Frontal lobe atrophy • A frontal dementia (loss of either executive and social function) and progressive nonfluent aphasia (loss of output grammar and phonology). • Frontal dysfunctions such as adaptive behaviour; abstract conceptual ability; set-shifting/mental flexibility; problem-solving; planning; sequencing of behaviour; temporal order judgments; personality, drive, motivation and inhibition. • Often changes in personality and social conduct predominate over the loss of cognitive skills.
Progressive Non-fluent Aphasia • A gradual decline in language abilities affecting predominantly language output - disintegration of grammar and phonology - which in some progresses to a state of complete mutism. • The language disorder resembles a Broca’s type non-fluent aphasia with very frequent phonological errors in speech although use of simple syntax can be preserved in early stages. • The preservation of nonverbal skills, nonverbal visuo-spatial memory and right hemisphere functions separates this from a dementia.
Temporal lobe atrophy • The most common presentation is fluent progressive aphasia because speech output is grammatically correct. • The language impairment is restricted to the comprehension of single words together with some reduced vocabulary causing anomia. • Most of the features can be explained in terms of a breakdown in semantic memory leading to severe anomia; impaired performance on category fluency tests; defective word-picture matching; and a loss of general knowledge.
Semantic dementia • The term semantic dementia has been applied to this syndrome of fluent progressive aphasia. • Episodic memory, visuo-spatial and frontal executive abilites are preserved in the early stages which contrasts sharply with the typical presenting features of Alzheimer's disease. • As the disease progresses SD patients may develop Kluver-Bucy Syndrome (disturbance in eating behaviour with a tendency to consume inedible things) as a result of bilateral damage to the amygdala as well as visual agnosia.

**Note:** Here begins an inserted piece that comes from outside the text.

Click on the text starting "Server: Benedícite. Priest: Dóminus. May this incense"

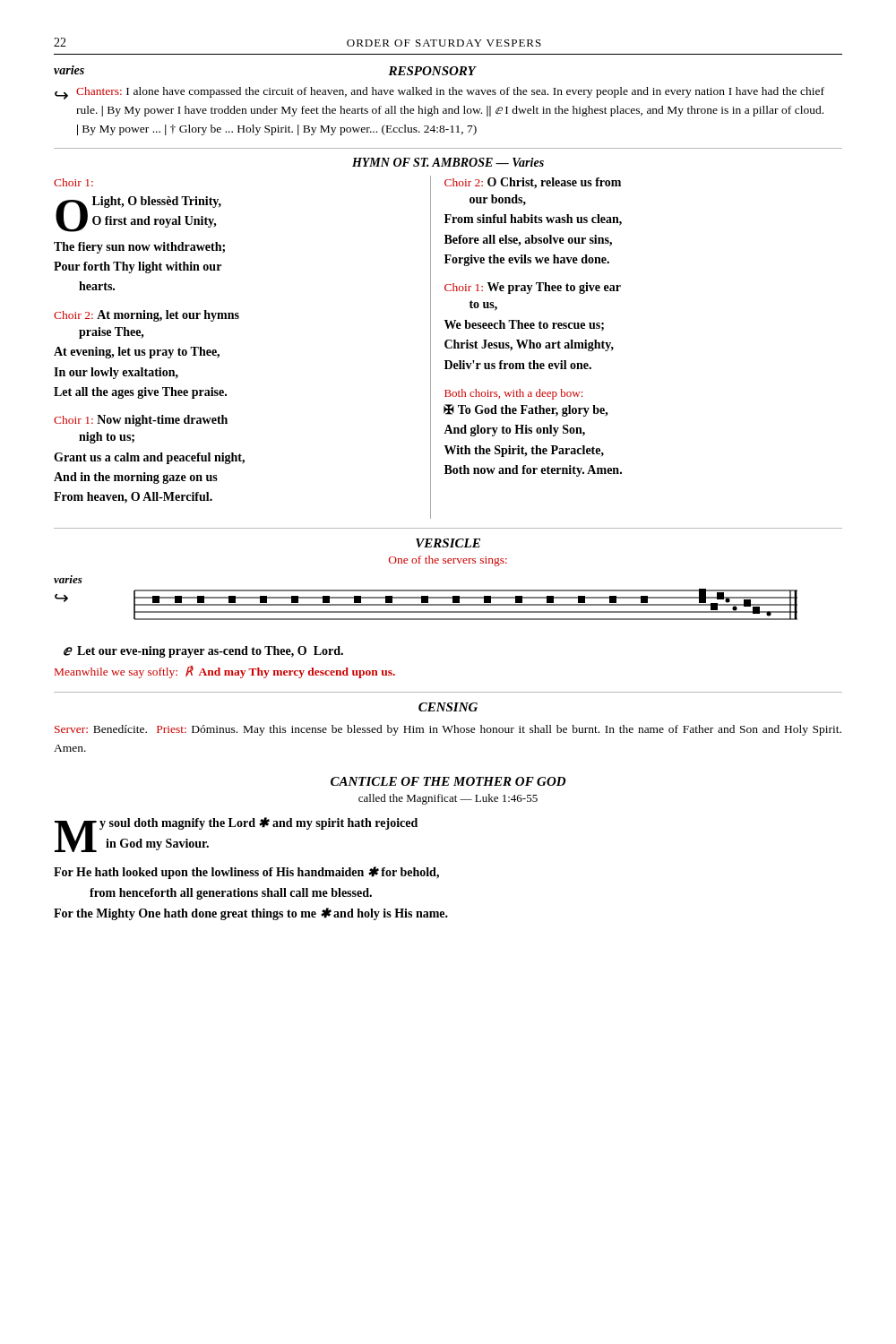(448, 738)

DAT or Semantic dementia (SD)? • Episodic and semantic memory • DAT patients can remember events from early years but are poor at recall of recently acquired episodic knowledge i.e. there is a negative temporal gradient whereas SD have preserved memory for recent events. • Visuospatial and perceptual skills • DAT patients are impaired on tasks such copying the Rey Figure but visuo-perceptual skills are intact in SD. • Lesion Loci • DAT patients have bilateral lesions in the medial temporal lobes whereas semantic dementia patients have damage to the inferior temporal cortex that is often worse in the left hemisphere.

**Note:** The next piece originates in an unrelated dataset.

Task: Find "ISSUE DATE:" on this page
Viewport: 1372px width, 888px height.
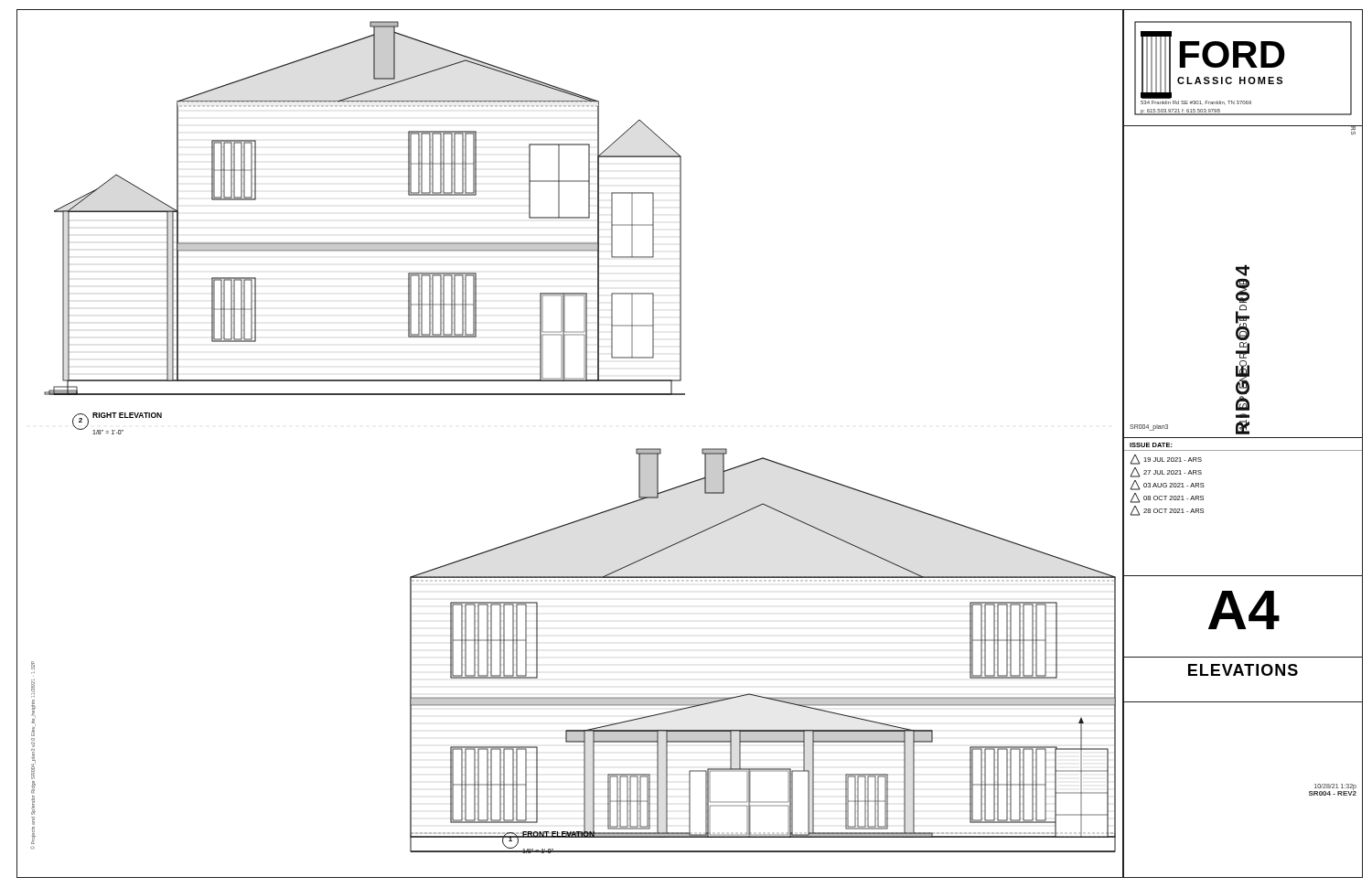Action: point(1151,445)

DAT, SD or Progressive Aphasia (PA)? • 1) Spontaneous speech • DAT present initially with normal speech; SD show fluent and grammatical speech but devoid of content. • Patients with PA have impaired spontaneous speech. • 2) Comprehension of single words • DAT present initially with normal comprehension of single words but SD patients are impaired early in the disease and generate frequent semantic paraphasias. • 3) Comprehension of syntax • DAT and SD patients present initially with normal comprehension of syntax but patients with PA make frequent phonological errors.

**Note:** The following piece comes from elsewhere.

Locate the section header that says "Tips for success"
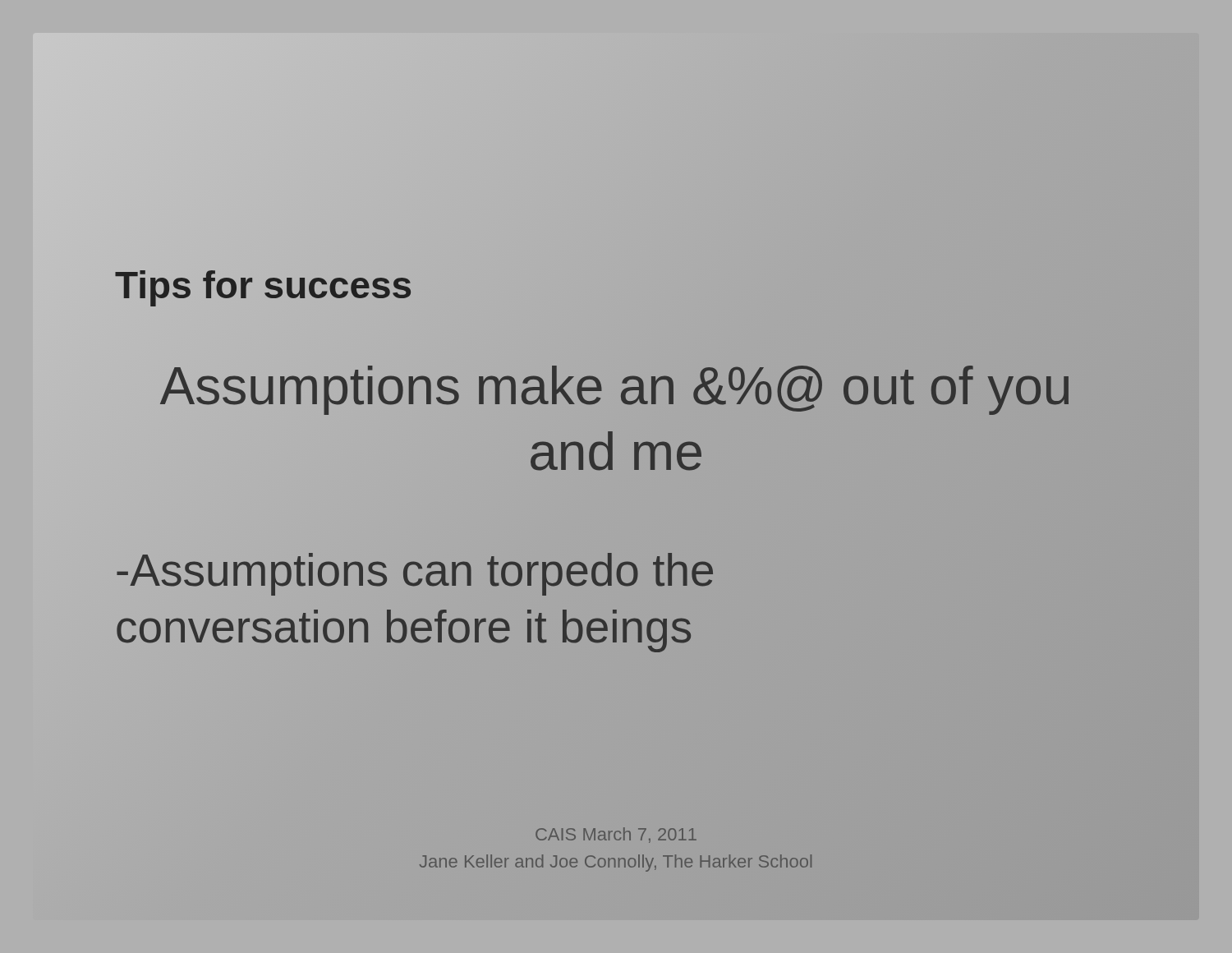 coord(264,285)
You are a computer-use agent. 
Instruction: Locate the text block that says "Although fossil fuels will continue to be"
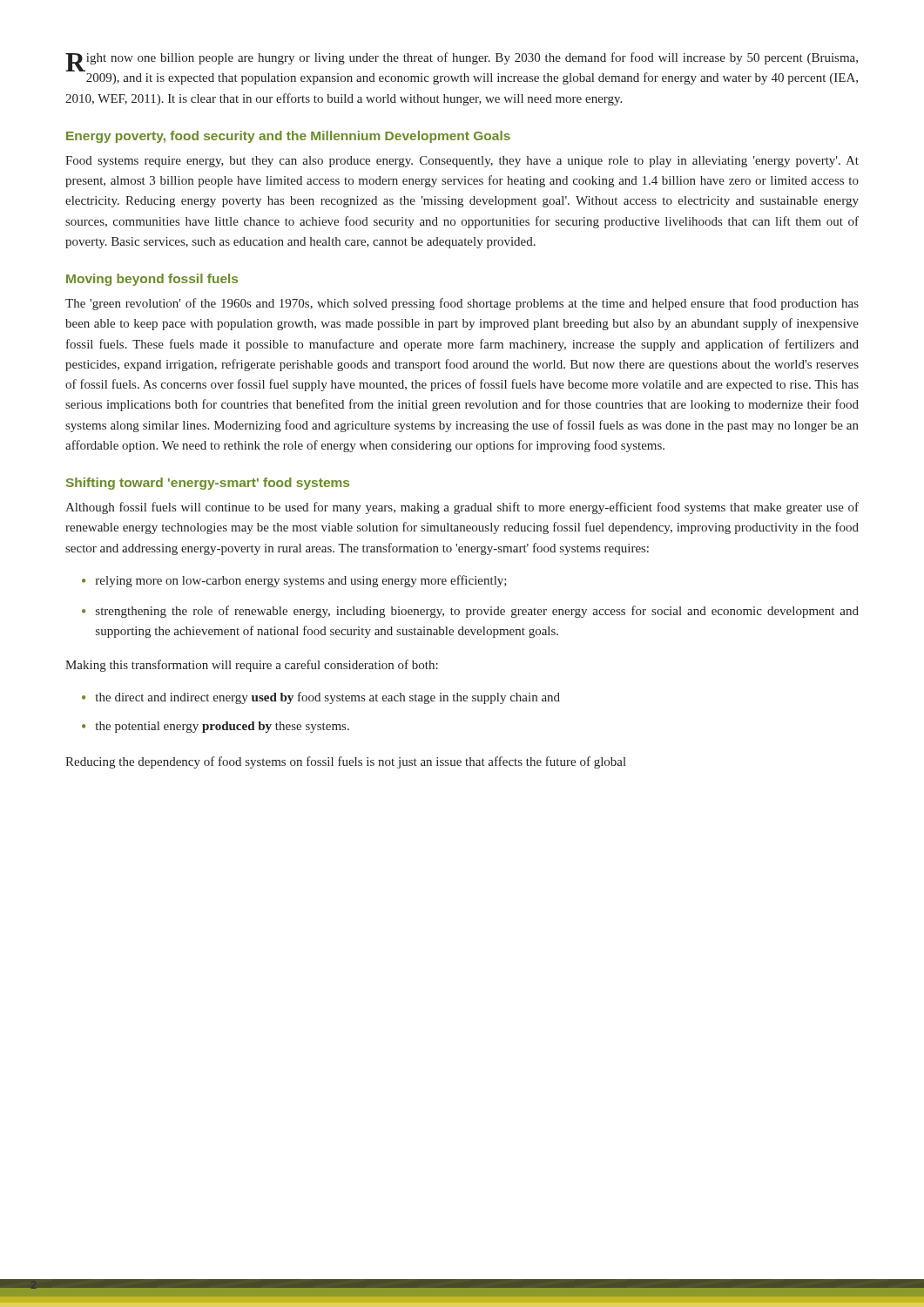click(462, 527)

Summary • Aphasias and language impairments can be useful in the differential diagnosis of brain damage due to head injury and dementia. • Head injured patients tend to show aphasia in the recovery phase but this resolves leaving longer term pragmatic language impairments. • Patients with semantic dementia display early comprehension impairments whereas patients with dementia of the Alzheimer’s type tend to develop language difficulty later in the disease.